Heck, I'm not asking you to.  But you'll note that in the end, you make a choice and then believe in it.  That's another form of belief.  Many religionists work the same way.  They pick the belief that sits best with their internal logic and understanding and go with it.  I know, I know, you're *logical* and they're not.  But they'd claim that their internal logic is correct for them just as yours is for you.


----------



## Omar B (Apr 28, 2010)

Since the singularity is as you said sub-atomic, but contained all matter and energy then the size really doesn't matter at all does it?  If the planet were huge or the size of a tennis ball it still would have all life and we would still all live here.  Size is relative to what's next to it and since there's nothing next to a singularity ...

The turtles all the way down idea seems to needlessly exist when one can simply state that the universe always was.  There's nothing larger and older than infinity and since that's how the universe is described then there's no beginning of it is there.

Good points all around Bill, but as you stated there's no definite answer at this point.  I can't wrap my head around the god concept and you can't wrap yours around the no-god concept and there we stand.


----------



## Empty Hands (Apr 28, 2010)

Bill Mattocks said:


> That is the same as saying 'no reason' when we cannot divine the reason; we can't extract order from chaos.



Even chaotic systems behave according to physical laws.  Even at the quantum level.  Electrons, for instance, violate many "common sense" natural rules like being in several places at the same time and "warping" from one spot to another without seeming to travel the intervening space.  Yet, they are tightly bound by physical laws.  They have a discrete charge and mass, they behave in predictable ways, both statistically and aggregately, etc.  If even something as wacky as quantum particles are still governed by physical laws, I don't see why the singularity should not.  Current singularities are, after all.  I don't think "no reason" is really accurate, although it is beyond our understanding.

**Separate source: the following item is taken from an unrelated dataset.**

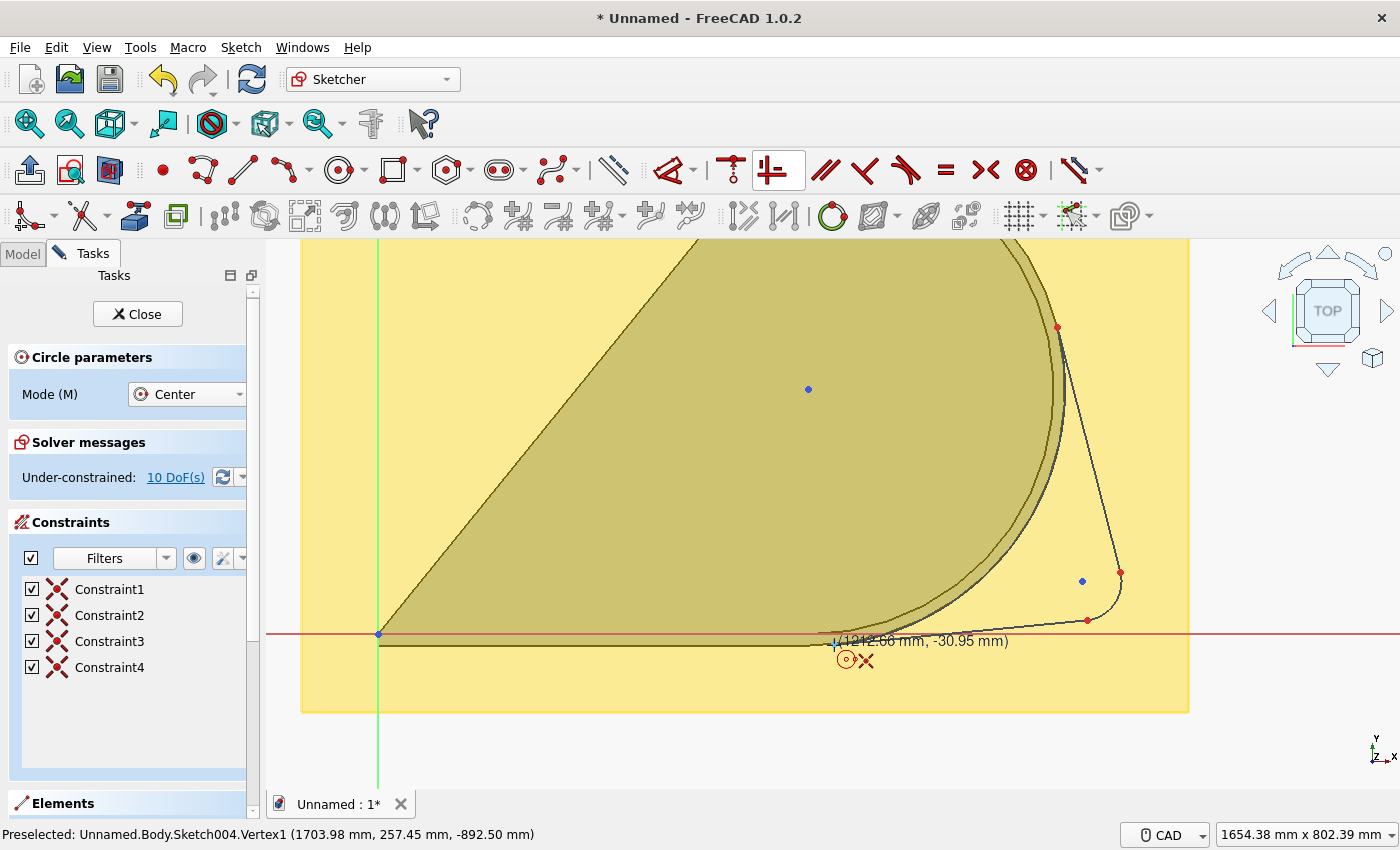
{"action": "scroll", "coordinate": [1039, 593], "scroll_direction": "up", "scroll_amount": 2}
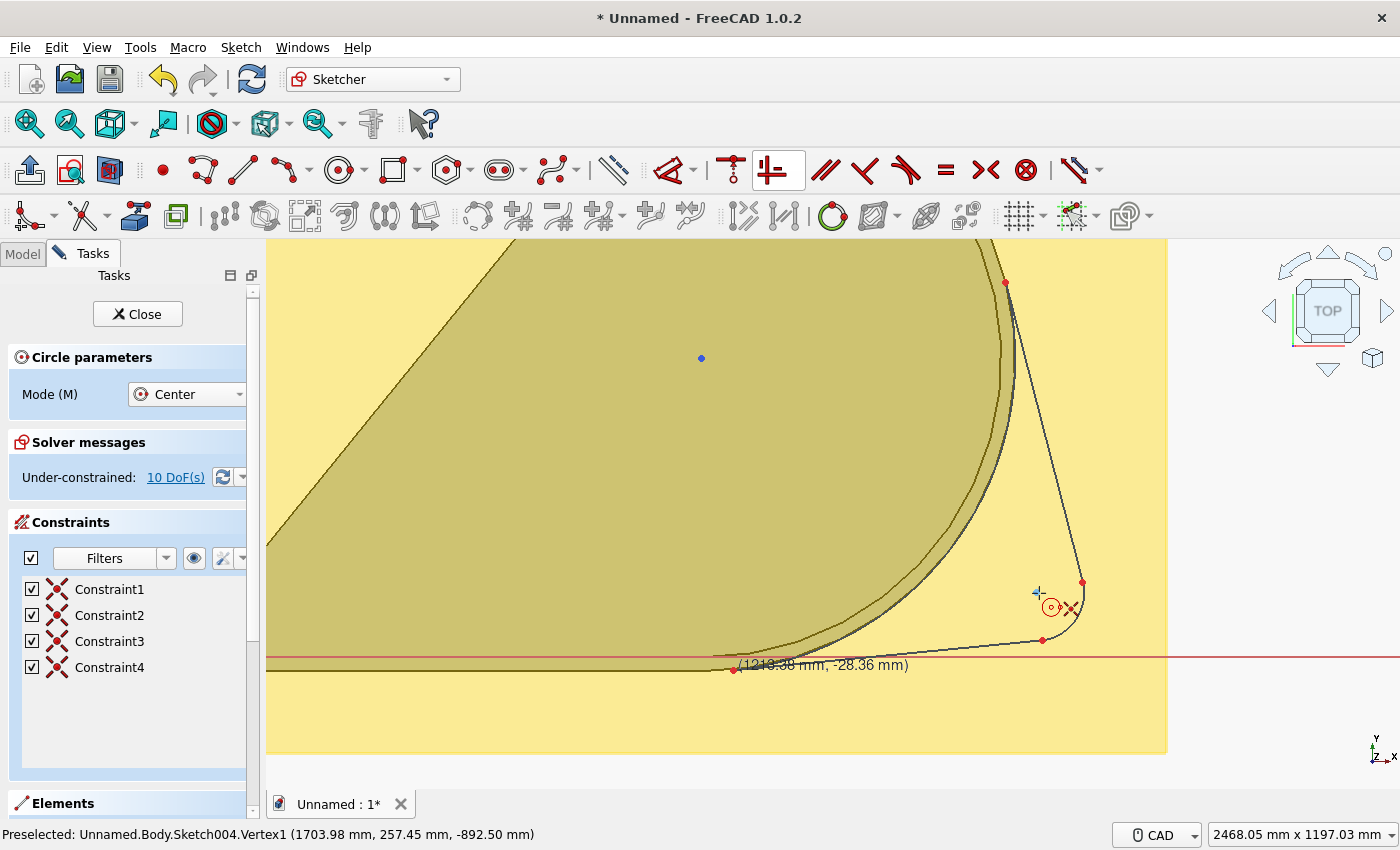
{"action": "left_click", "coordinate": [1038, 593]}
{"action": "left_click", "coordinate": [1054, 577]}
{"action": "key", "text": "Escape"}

Which brings me to "nothing".  It may not be accurate to speak about the singularity coming from "nothing."  Whatever that medium was, it certainly was different.  It still exists, if it can be said to, outside the bounds of our current universe.  Yet we are tied up in our frame of reference.  Even a perfect vacuum in this universe is not "nothing", it is a medium where our understood constraints of mass, energy, and time exist.  Outside that, is something very different, literally incomprehensible from our frame, but it may not be "nothing."  

String theory after all holds that there may be many universes, suspended like soap bubbles (although that implies a spatial relation which is not accurate) in this medium.  String theory is probably not true, but it helps in thinking about that "other" space.



Bill Mattocks said:


> I agree.  I would argue (only for fun) that those who hold tightly to current scientific models of the origin of the universe would be not only dismayed, but hostile, if science were to actually discover God accidentally and be able to prove it.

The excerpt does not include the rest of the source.